Thanks to @Alan Moore got the answer, this worked for me

echo preg_replace('#(?ix)(?>[^\S ]\s*|\s{2,})(?=(?:(?:[^<]++|<(?!/?(?:textarea|pre)\b))*+)(?:<(?>textarea|pre)\b|\z))#', ' ', $output);

ridgerunner did a very good job of analyzing this regular expression. I ended up using his solution. Cheers to ridgerunner.

Peter Mortensen
  • 30,738
  • 21
  • 105
  • 131
Aman
  • 1,624
  • 3
  • 15
  • 25
  • 12
    Do not do HTML using regular expressions. – SLaks Mar 15 '11 at 13:23
  • Infinite upvotes to you, SLaks. – Delan Azabani Mar 15 '11 at 13:24
  • ok, so what could be a good way of reformatting final html output then? – Aman Mar 15 '11 at 13:30
  • 2
    Like the two others comments above, I suggest you to read this great answer: http://stackoverflow.com/questions/728260/html-minification/1102101#1102101 Don't do that. Do much more before.. – guillaumepotier Mar 15 '11 at 13:34
  • possible duplicate... http://stackoverflow.com/questions/3480343/possible-to-use-codeigniter-output-compression-with-pre-to-display-code-blocks – jondavidjohn Mar 15 '11 at 14:20
  • I second the "no regex on HTML" advice. HTML is just way too complex to do with regexes. Use a proper HTML parser to do the job, or write dense HTML in the first place. If you use XHTML, you can load the document in an XML parser and then spit it back out. Most XML libraries will allow you to remove unnecessary whitespace in the process. – tdammers Mar 15 '11 at 14:23
  • Why? Use output compression and waste CPU cycles for somethin else. – rik Mar 15 '11 at 14:37
  • **Related:** http://stackoverflow.com/a/33844247/1163000 – Taufik Nurrohman Nov 21 '15 at 14:06

3 Answers3

51

For those curious about how Alan Moore's regex works (and yes, it does work), I've taken the liberty of commented it so it can be read by mere mortals:

function process_data_alan($text) // 
{
    $re = '%# Collapse ws everywhere but in blacklisted elements.
        (?>             # Match all whitespans other than single space.
          [^\S ]\s*     # Either one [\t\r\n\f\v] and zero or more ws,
        | \s{2,}        # or two or more consecutive-any-whitespace.
        ) # Note: The remaining regex consumes no text at all...
        (?=             # Ensure we are not in a blacklist tag.
          (?:           # Begin (unnecessary) group.
            (?:         # Zero or more of...
              [^<]++    # Either one or more non-"<"
            | <         # or a < starting a non-blacklist tag.
              (?!/?(?:textarea|pre)\b)
            )*+         # (This could be "unroll-the-loop"ified.)
          )             # End (unnecessary) group.
          (?:           # Begin alternation group.
            <           # Either a blacklist start tag.
            (?>textarea|pre)\b
          | \z          # or end of file.
          )             # End alternation group.
        )  # If we made it here, we are not in a blacklist tag.
        %ix';
    $text = preg_replace($re, " ", $text);
    return $text;
}

I'm new around here, but I can see right off that Alan is quite good at regex. I would only add the following suggestions.

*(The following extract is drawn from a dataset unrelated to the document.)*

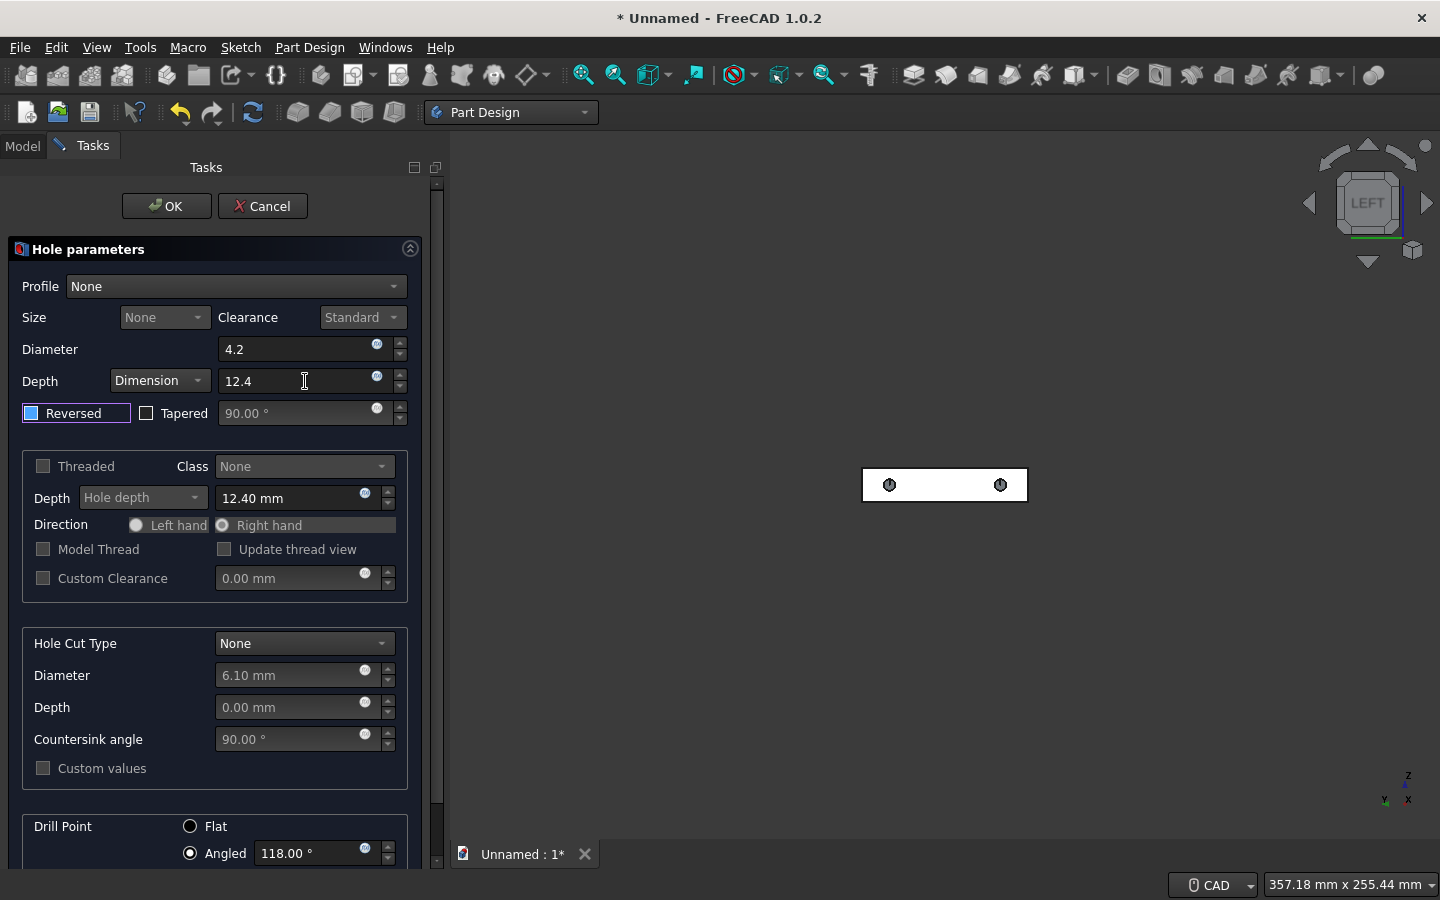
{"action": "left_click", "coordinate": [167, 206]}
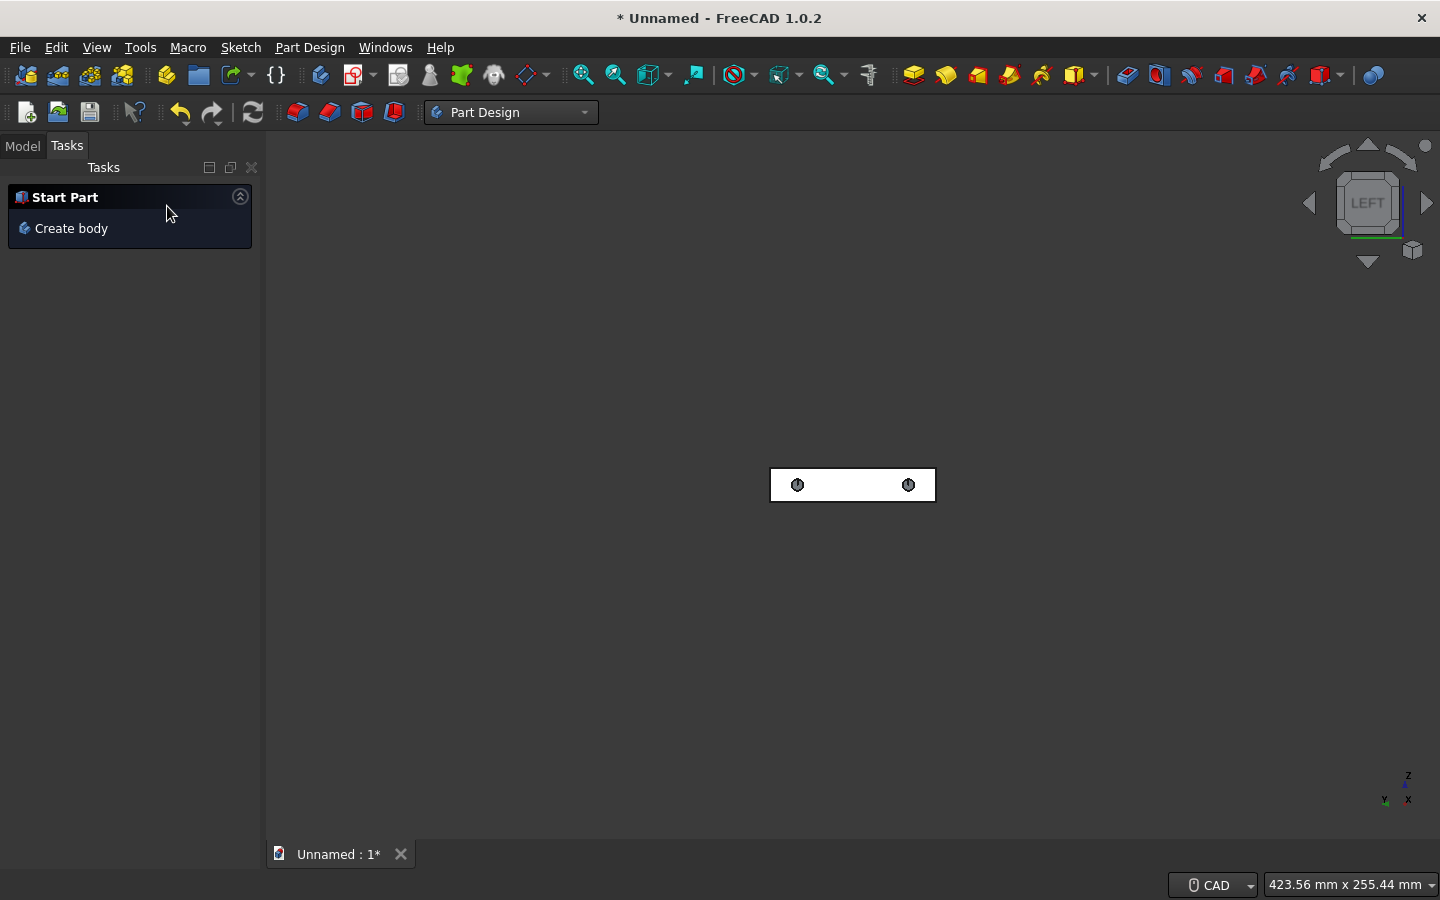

  1. There is an unnecessary capture group which can be removed.
  2. Although the OP did not say so, the <SCRIPT> element should be added to the <PRE> and <TEXTAREA> blacklist.
  3. Adding the 'S' PCRE "study" modifier speeds up this regex by about 20%.
  4. There is an alternation group in the lookahead which is ripe for applying Friedl's "unrolling-the-loop" efficiency construct.
  5. On a more serious note, this same alternation group: (i.e. (?:[^<]++|<(?!/?(?:textarea|pre)\b))*+) is susceptible to excessive PCRE recursion on large target strings, which can result in a stack-overflow causing the Apache/PHP executable to silently seg-fault and crash with no warning. (The Win32 build of Apache httpd.exe is particularly susceptible to this because it has only 256KB stack compared to the *nix executables, which are typically built with 8MB stack or more.) Philip Hazel (the author of the PCRE regex engine used in PHP) discusses this issue in the documentation: PCRE DISCUSSION OF STACK USAGE. Although Alan has correctly applied the same fix as Philip shows in this document (applying a possessive plus to the first alternative), there will still be a lot of recursion if the HTML file is large and has a lot of non-blacklisted tags. e.g. On my Win32 box (with an executable having a 256KB stack), the script blows up with a test file of only 60KB. Note also that PHP unfortunately does not follow the recommendations and sets the default recursion limit way too high at 100000. (According to the PCRE docs this should be set to a value equal to the stack size divided by 500).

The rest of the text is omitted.